Depuis toujours j’ai aimé le pain. J’ai retrouvé un petit livre d’imagerie pour enfant de quand j’avais 4 ans. C’est ma grand-mère qui me l’avait offerte, il y avait écrit “Pour Eugénie”, et j’adorais déjà manger du pain. Je ne savais pas qu’on pouvait faire du pain naturellement chez soi. La première fois que j’ai vu du pain au levain c’était en 2016, le jour du vote du Brexit à Londres, une copine qui m’invite chez elle et qui avait fait des petits pains au levain. Je ne savais pas que c’était possible j’ai découvert ça ce jour-là. Un an après, je me suis mise à en faire dans mon appartement à Paris, c’est devenu un peu une obsession, une passion, l’envie de toujours faire mieux, d’expérimenter, c’est venu comme ça !
Votre pain préféré ?
Difficile à dire. J’aime le pain au levain, je n’arrive presque plus à manger du pain à la levure, pour moi c’est vraiment moins bon, moins digeste. Le pain que je préfère, c’est un pain avec une bonne croûte, j’aime quand il est bien cuit. En termes de farine, de céréales, j’aime le seigle. Une bonne tourte de seigle ou un pain de méteil qui mélange seigle et blé
D’où viennent les céréales que vous utilisez ?
Je travaille dans une boulangerie, donc je n’ai pas vraiment le choix des farines, c’est mon patron qui décide. Si je dois utiliser des farines pour ma conso perso, je vais utiliser des farines de paysans. Souvent j’achète le plus local possible, des farines moulues sur meules de pierre. Ce ne sont pas des moutures qui sont explosées par les cylindres des moulins modernes, mais des farines dont le grain a été déroulé pour ne pas l’abîmer.
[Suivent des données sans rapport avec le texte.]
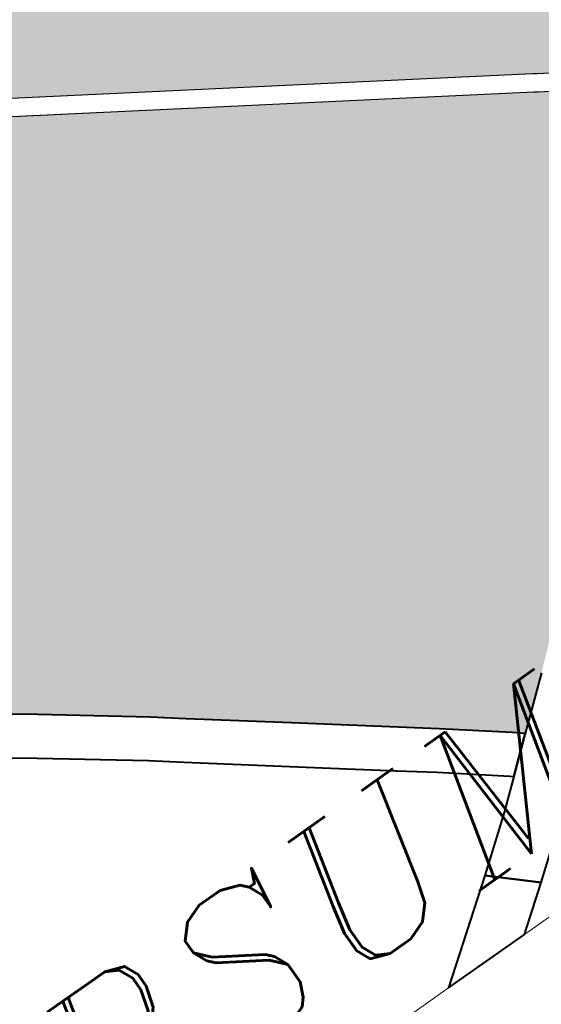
# Model space of a CAD drawing. Header units: metres. Extents: x 149090 to 149776, y 485756 to 486362.
# Tile 75 of 93: x 149629.45 to 149633.64, y 486285.67 to 486293.57. Entities that reach past the tile are written whole.
import ezdxf

# ---------------------------------------------------------------- set-up
doc = ezdxf.new("R2010")
doc.units = ezdxf.units.M
doc.header["$MEASUREMENT"] = 0
for name, color, linetype, lineweight in [('WVB-pen-brm-dik 018', 6, 'Continuous', 13), ('WVB-pen-dik 035', 1, 'Continuous', 40), ('WVB-raster-60%', 253, 'Continuous', 30), ('WVB-tekst-dik 035', 1, 'Continuous', 40)]:
    doc.layers.add(name, color=color, linetype=linetype, lineweight=lineweight)
doc.styles.add('1 200   cursief   0.18', font='ITALICS.shx', dxfattribs={"height": 0.36})

# ---------------------------------------------------------------- blocks, each defined once
blk = doc.blocks.new('INZET')
at = {"layer": 'WVB-raster-60%', "extrusion": (0, 0, -1)}
for points in [[(0.019947, -0.137108), (0.019906, -0.137066), (0.019785, -0.136712), (0.019664, -0.136321), (0.019613, -0.13599), (0.019577, -0.135626), (0.019559, -0.135376), (0.019519, -0.135087), (0.019442, -0.134835), (0.019264, -0.134538), (0.018389, -0.133293), (0.018746, -0.133063), (0.019215, -0.132752), (0.020433, -0.132016), (0.020705, -0.131845), (0.021013, -0.131646), (0.02137, -0.131417), (0.022535, -0.130678), (0.023152, -0.130274), (0.024101, -0.129677), (0.025859, -0.128555), (0.026941, -0.127864), (0.027994, -0.12719), (0.029197, -0.126431), (0.030236, -0.125768), (0.031321, -0.125074), (0.032052, -0.124605), (0.032227, -0.124494), (0.034393, -0.127914), (0.030704, -0.130266), (0.030045, -0.130685), (0.029936, -0.130755), (0.025535, -0.133557), (0.023923, -0.134584), (0.021714, -0.135992), (0.021658, -0.136028)], [(0.027919, -0.144578), (0.027148, -0.143935), (0.026078, -0.143001), (0.024206, -0.141327), (0.022529, -0.139718), (0.021653, -0.138857), (0.020161, -0.137328), (0.021818, -0.136281), (0.021875, -0.136245), (0.024084, -0.134837), (0.025697, -0.13381), (0.030097, -0.131008), (0.030207, -0.130938), (0.030865, -0.130519), (0.034554, -0.128167), (0.039547, -0.136053), (0.038718, -0.136607), (0.037622, -0.137354), (0.036523, -0.138126), (0.035424, -0.138896), (0.034138, -0.139822), (0.032689, -0.140895), (0.032232, -0.14125), (0.030887, -0.142279), (0.029528, -0.143322), (0.029005, -0.143721), (0.028082, -0.144447)]]:
    blk.add_hatch(color=256, dxfattribs=at).paths.add_polyline_path(points)
at = {"layer": 'WVB-pen-brm-dik 018'}
for p, q in [((-0.025535, -0.133557), (-0.029936, -0.130755)), ((-0.030097, -0.131008), (-0.025697, -0.13381)), ((-0.023923, -0.134584), (-0.025535, -0.133557)), ((-0.025697, -0.13381), (-0.024084, -0.134837)), ((-0.021714, -0.135992), (-0.023923, -0.134584)), ((-0.024084, -0.134837), (-0.021875, -0.136245)), ((-0.021658, -0.136028), (-0.021714, -0.135992)), ((-0.019947, -0.137108), (-0.021658, -0.136028)), ((-0.021875, -0.136245), (-0.021818, -0.136281)), ((-0.021818, -0.136281), (-0.020161, -0.137328)), ((-0.034551, -0.140388), (-0.035829, -0.139466)), ((-0.033112, -0.141452), (-0.034551, -0.140388)), ((-0.032659, -0.141804), (-0.033112, -0.141452)), ((-0.031313, -0.142834), (-0.032659, -0.141804)), ((-0.029953, -0.143878), (-0.031313, -0.142834)), ((-0.029433, -0.144275), (-0.029953, -0.143878)), ((-0.028518, -0.144996), (-0.029433, -0.144275)), ((-0.028928, -0.145418), (-0.028468, -0.145035)), ((-0.028468, -0.145035), (-0.028518, -0.144996)), ((-0.029764, -0.146067), (-0.028928, -0.145418)), ((-0.031281, -0.147208), (-0.029764, -0.146067)), ((-0.029088, -0.146681), (-0.029788, -0.147208)), ((-0.032564, -0.147208), (-0.031281, -0.147208)), ((-0.029788, -0.147208), (-0.028507, -0.147208))]:
    blk.add_line(p, q, dxfattribs=at)
at = {"layer": 'WVB-pen-dik 035', "flags": 128}
for points in [[(-0.027148, -0.143935), (-0.027919, -0.144578), (-0.027967, -0.144618), (-0.028468, -0.145035), (-0.028928, -0.145418), (-0.029764, -0.146067), (-0.029088, -0.146681), (-0.028364, -0.146119)], [(-0.046502, -0.132485), (-0.045352, -0.133182), (-0.043946, -0.134053), (-0.042705, -0.134824), (-0.041687, -0.135479), (-0.040244, -0.136429), (-0.039109, -0.137187), (-0.03802, -0.13793), (-0.036925, -0.138699), (-0.035829, -0.139466), (-0.034551, -0.140388), (-0.033112, -0.141452), (-0.032659, -0.141804), (-0.031313, -0.142834), (-0.029953, -0.143878), (-0.029433, -0.144275), (-0.028518, -0.144996), (-0.028468, -0.145035)], [(-0.027919, -0.144578), (-0.028082, -0.144447), (-0.029005, -0.143721), (-0.029528, -0.143322), (-0.030887, -0.142279), (-0.032232, -0.14125), (-0.032689, -0.140895), (-0.034138, -0.139822), (-0.035424, -0.138896), (-0.036523, -0.138126), (-0.037622, -0.137354), (-0.038718, -0.136607), (-0.039547, -0.136053)], [(-0.028468, -0.145035), (-0.027967, -0.144618), (-0.027919, -0.144578)], [(-0.029764, -0.146067), (-0.031281, -0.147208)], [(-0.029088, -0.146681), (-0.029764, -0.146067)], [(-0.029788, -0.147208), (-0.029088, -0.146681)], [(-0.031281, -0.147208), (-0.029788, -0.147208)]]:
    blk.add_lwpolyline(points, dxfattribs=at)
at = {"layer": 'WVB-raster-60%', "flags": 128}
for points in [[(-0.032227, -0.124494), (-0.034393, -0.127914), (-0.030704, -0.130266), (-0.030045, -0.130685), (-0.029936, -0.130755), (-0.025535, -0.133557), (-0.023923, -0.134584), (-0.021714, -0.135992), (-0.021658, -0.136028), (-0.019947, -0.137108), (-0.019906, -0.137066), (-0.019785, -0.136712), (-0.019664, -0.136321)], [(-0.020161, -0.137328), (-0.021818, -0.136281), (-0.021875, -0.136245), (-0.024084, -0.134837), (-0.025697, -0.13381), (-0.030097, -0.131008), (-0.030207, -0.130938), (-0.030865, -0.130519), (-0.034554, -0.128167), (-0.039547, -0.136053), (-0.038718, -0.136607), (-0.037622, -0.137354), (-0.036523, -0.138126), (-0.035424, -0.138896), (-0.034138, -0.139822), (-0.032689, -0.140895), (-0.032232, -0.14125), (-0.030887, -0.142279), (-0.029528, -0.143322), (-0.029005, -0.143721), (-0.028082, -0.144447), (-0.027919, -0.144578), (-0.027148, -0.143935)]]:
    blk.add_lwpolyline(points, dxfattribs=at)
at = {"layer": 'WVB-tekst-dik 035', "style": '1 200   cursief   0.18'}
blk.add_text('HILVERSUM', height=0.0024, dxfattribs=at).set_placement((-0.047878, -0.146216))

msp = doc.modelspace()

# ---------------------------------------------------------------- block references
at = {"layer": 'WVB-raster-60%', "xscale": 500.0000000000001, "yscale": 500.0000000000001, "zscale": 500.0000000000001, "rotation": 35.19028839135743}
msp.add_blockref('INZET', (149603.259, 486354.9637), dxfattribs=at)

doc.saveas('drawing.dxf')

C’est ce qu’on utilise aussi au fournil, elles viennent principalement de notre région, elles sont bio. On essaie au maximum de prendre des farines qui viennent de paysans locaux. Aujourd’hui, dans les boulangeries conventionnelles, on ne se pose pas du tout la question de la provenance de la farine alors qu’on se la pose depuis longtemps pour nos fruits et légumes. Pour la farine ça paraît évident, “elles viennent du moulin quoi”.
Qu’est-ce qui lie vos trois passions : le pain, le vélo, la photo ?
Les trois sont un peu des véhicules, des supports de mise en valeur de la culture, du territoires, des gens, par l’émerveillement des sens. Le pain c’est à la fois visuellement, gustativement, des sensations qui sont chouettes. L’histoire du pain, des boulangers, c’est la culture, les territoires etc. Le vélo c’est un voyage dans l’espace, dans les émotions, dans ton corps. C’est de l’émerveillement, de la sensation que seul le vélo permet de ressentir. La photo c’est une histoire, une image, ça peut émerveiller, ça peut choquer.
Votre objet du quotidien ?
Mon vélo. C’est la chose dont je me sers le plus au quotidien. Quand je sors de chez moi je prends mon vélo direct.
Un lieu à nous faire découvrir ?
Tant qu’on y est, moi je suis à Montreuil-sur-Mer, c’est hyper joli, c’est pas très connu. C’est dans le Pas-de-Calais (62) et c’est une très belle ville fortifiée sur une colline avec de jolies petites maisons. C’est très beau !
Un lien vers une personne ou un collectif pour une prochaine interview ?
C’est un copain, Timothée Vernier qui fait partie d’un collectif qui s’appelle le Permacooltour, qui fait un tour de France des initiatives, tout ce qui est éco-lieux, permaculture etc. Ils sont à vélo aussi,ils vont peut-être se stabiliser et changer de format bientôt, ils écrivent, ils prennent des photos etc.
A-t-on oublié une question ?
Je ne pense pas, non. Mais je pense que c’est important de se poser cette question : “d’où vient ce qu’on mange ?” de s’intéresser au territoire dans lequel on vit, aux cultures autour. Il faut bien se poser ces questions-là au quotidien.